Germany’s car giants are preparing to put tens of thousands of employees onto part-time hours after shutting down their European plants last week.

Mercedes-Benz owner Daimler (DAI.DE) will send thousands of staff on forced leave from 6 April for several weeks. A spokesperson told Reuters (link in German) that the exact number of staff who will be put onto ‘Kurzarbeit’ — ‘short-time work’ — has not been decided, but it is likely that a large part of the company’s 170,000 workforce in Germany will be affected.

Read more: Germany bids goodbye to ‘black zero’ with €750bn coronavirus package

Volkswagen (VOW3.DE) in Germany also plans to stand-down some 80,000 workers for lack of work. "The current spread of the coronavirus means that Volkswagen has to adjust the production programme," said a VW spokesman this week, noting that a drop in sales coupled with delivery bottlenecks meant downtime for production.

VW has applied to put its staff on reduced-hours contracts at some plants until 3 April.
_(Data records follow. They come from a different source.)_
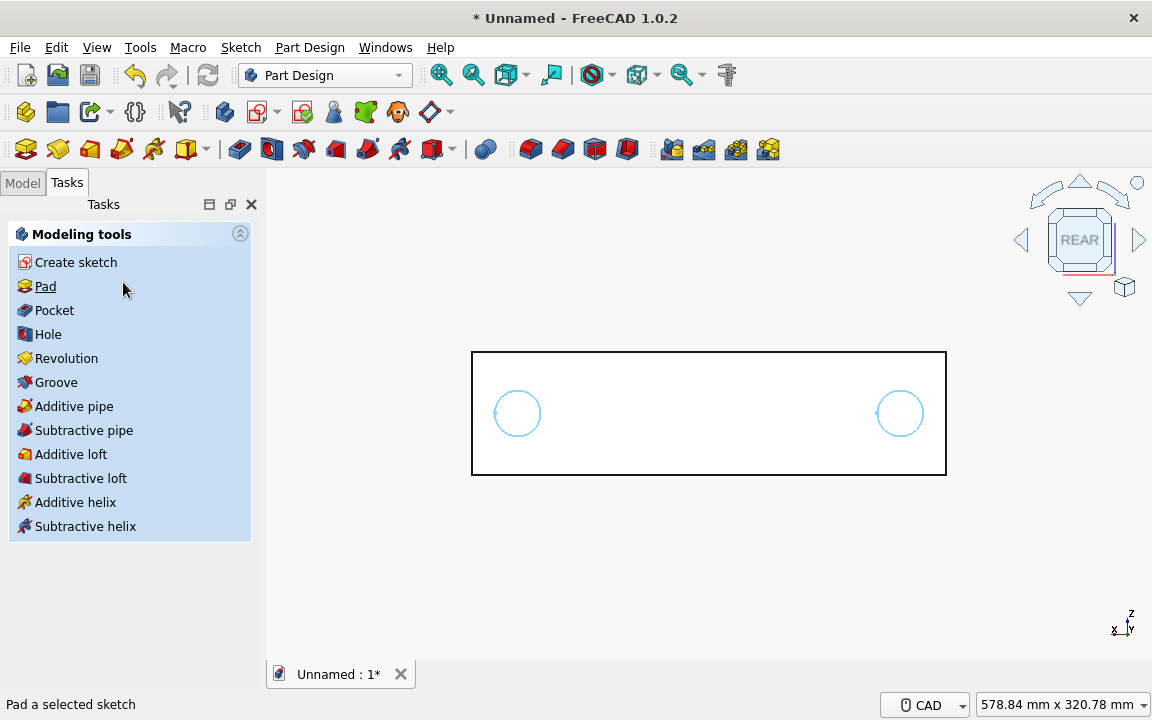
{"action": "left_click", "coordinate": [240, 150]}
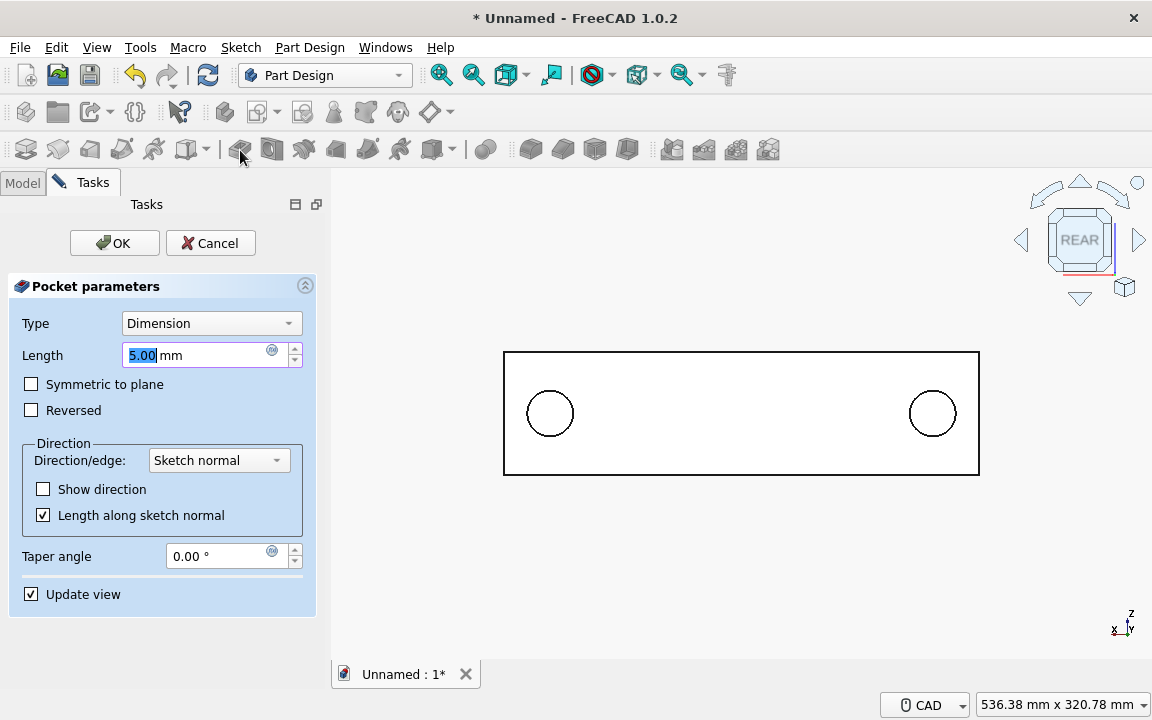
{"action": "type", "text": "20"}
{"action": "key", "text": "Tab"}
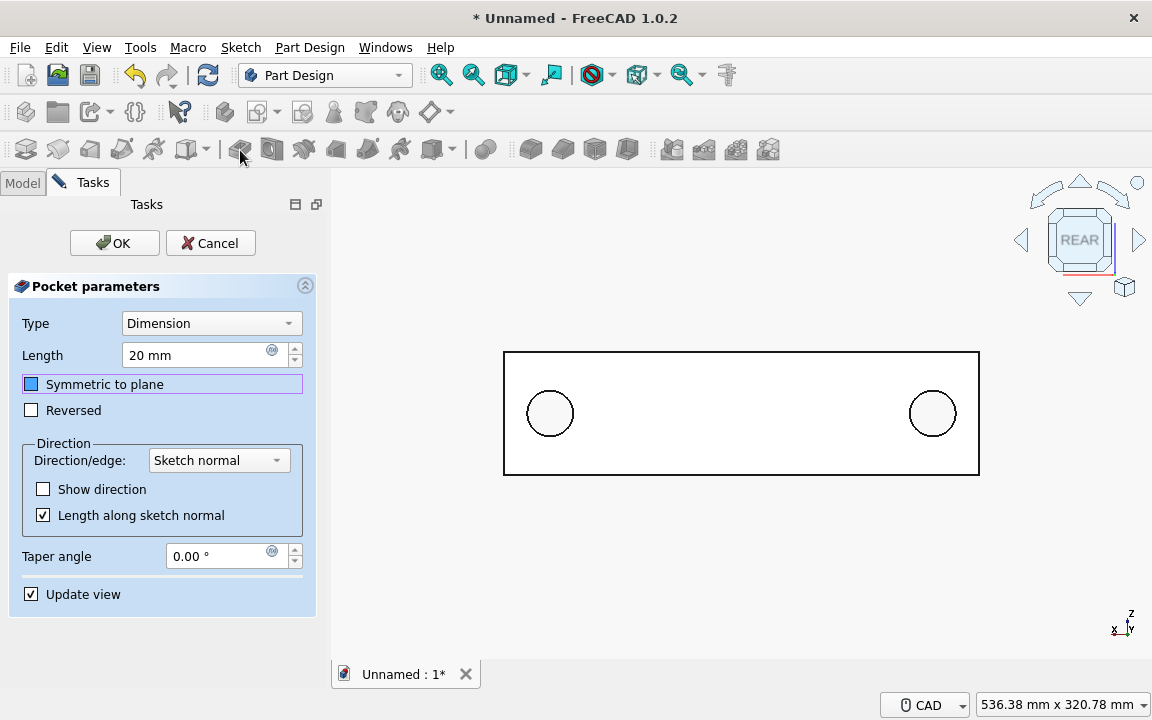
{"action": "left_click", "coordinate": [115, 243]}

Audi and Porsche, who belong to the VW Group, are also planning similar measures.

‘Kurzarbeit’ was introduced by the German government during the financial crisis in 2008 with the aim of avoiding mass layoffs. The government pays 60% of a worker’s salary to the company – to pay the person while they are temporarily laid off. If the worker is forced onto part-time hours, they get paid for those as normal by the company, and the government subsidises for the shortfall.

Read more: German economy 'could shrink up to 20%' as business morale gets 'extraordinarily dire'

As well as securing people’s livelihoods, it means that companies don’t lose skilled staff that they would need again once the situation improves — a lack of skilled workers is a perennial headache for German businesses.

As part of its multibillion-euro package of measures to safeguard jobs and avoid bankruptcies during the coronavirus pandemic, the German government last week announced that it would relax its rules on ‘Kurzarbeit’ to allow more firms to take advantage of it.